== Task to complete ==
Select from the records below every line that has the word "Keep" in it.

━━━ Information ━━━

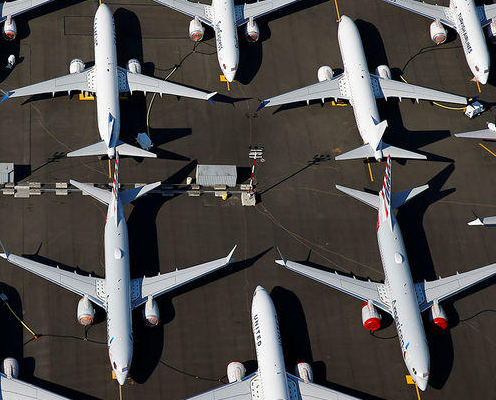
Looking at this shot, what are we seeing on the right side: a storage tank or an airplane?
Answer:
airplane
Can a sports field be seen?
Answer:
No
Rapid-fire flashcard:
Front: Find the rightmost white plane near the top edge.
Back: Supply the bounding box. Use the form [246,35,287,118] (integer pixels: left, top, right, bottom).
[381,0,496,84]
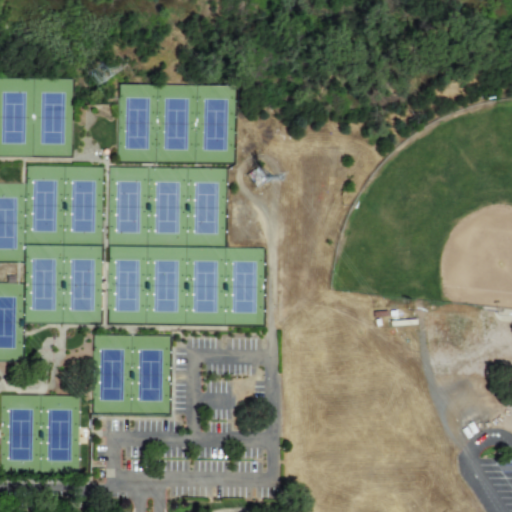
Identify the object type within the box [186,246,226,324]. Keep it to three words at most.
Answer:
tennis court
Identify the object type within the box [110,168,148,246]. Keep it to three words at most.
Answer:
tennis court
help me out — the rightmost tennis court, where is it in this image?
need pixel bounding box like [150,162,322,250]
[226,247,266,325]
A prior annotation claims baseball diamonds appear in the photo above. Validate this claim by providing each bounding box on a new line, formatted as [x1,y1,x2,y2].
[332,100,512,308]
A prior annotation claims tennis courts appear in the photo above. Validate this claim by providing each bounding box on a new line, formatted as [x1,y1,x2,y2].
[109,246,148,324]
[120,84,158,162]
[64,166,104,245]
[186,246,226,324]
[148,246,187,324]
[93,336,132,414]
[0,183,26,262]
[110,168,148,246]
[26,244,64,323]
[0,395,41,472]
[26,166,66,244]
[187,168,226,246]
[34,79,74,156]
[0,78,34,156]
[132,336,171,414]
[156,85,198,162]
[226,247,266,325]
[41,395,81,473]
[64,245,103,323]
[148,168,188,246]
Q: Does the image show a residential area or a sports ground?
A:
sports ground
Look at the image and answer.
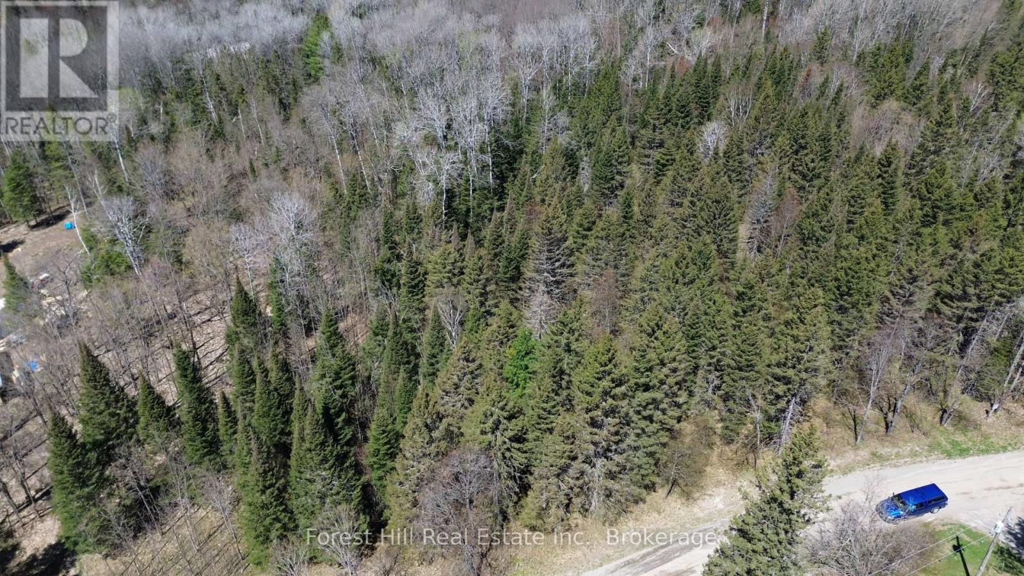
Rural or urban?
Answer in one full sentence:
It looks rural.
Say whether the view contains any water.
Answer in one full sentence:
No, the picture contains no water.
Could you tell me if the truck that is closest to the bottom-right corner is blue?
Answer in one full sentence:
Yes, the truck that is closest to the bottom-right corner is blue.
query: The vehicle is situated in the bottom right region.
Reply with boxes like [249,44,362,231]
[877,482,949,523]
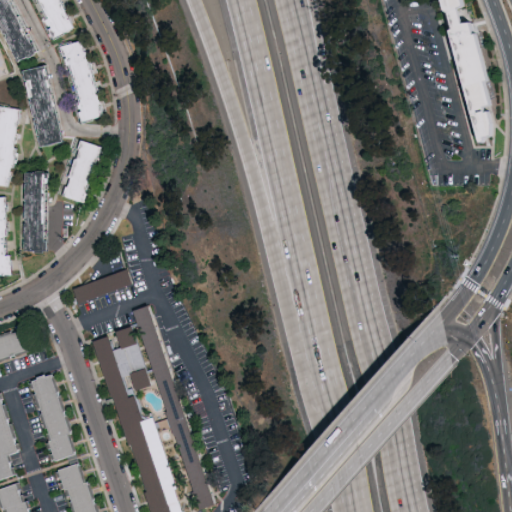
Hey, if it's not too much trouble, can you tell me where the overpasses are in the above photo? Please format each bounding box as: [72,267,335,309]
[253,307,458,512]
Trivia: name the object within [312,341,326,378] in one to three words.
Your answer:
vehicle
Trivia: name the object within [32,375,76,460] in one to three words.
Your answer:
building
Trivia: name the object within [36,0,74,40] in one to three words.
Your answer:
building
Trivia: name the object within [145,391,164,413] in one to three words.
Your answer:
swimming pool
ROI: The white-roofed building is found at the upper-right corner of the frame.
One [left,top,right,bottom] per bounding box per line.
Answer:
[437,0,498,144]

━━━

== Completed exercise ==
Identify the object type within the box [186,246,226,324]. Keep it to three words at most.
Identify the object type within the box [110,168,148,246]. Keep it to three words at most.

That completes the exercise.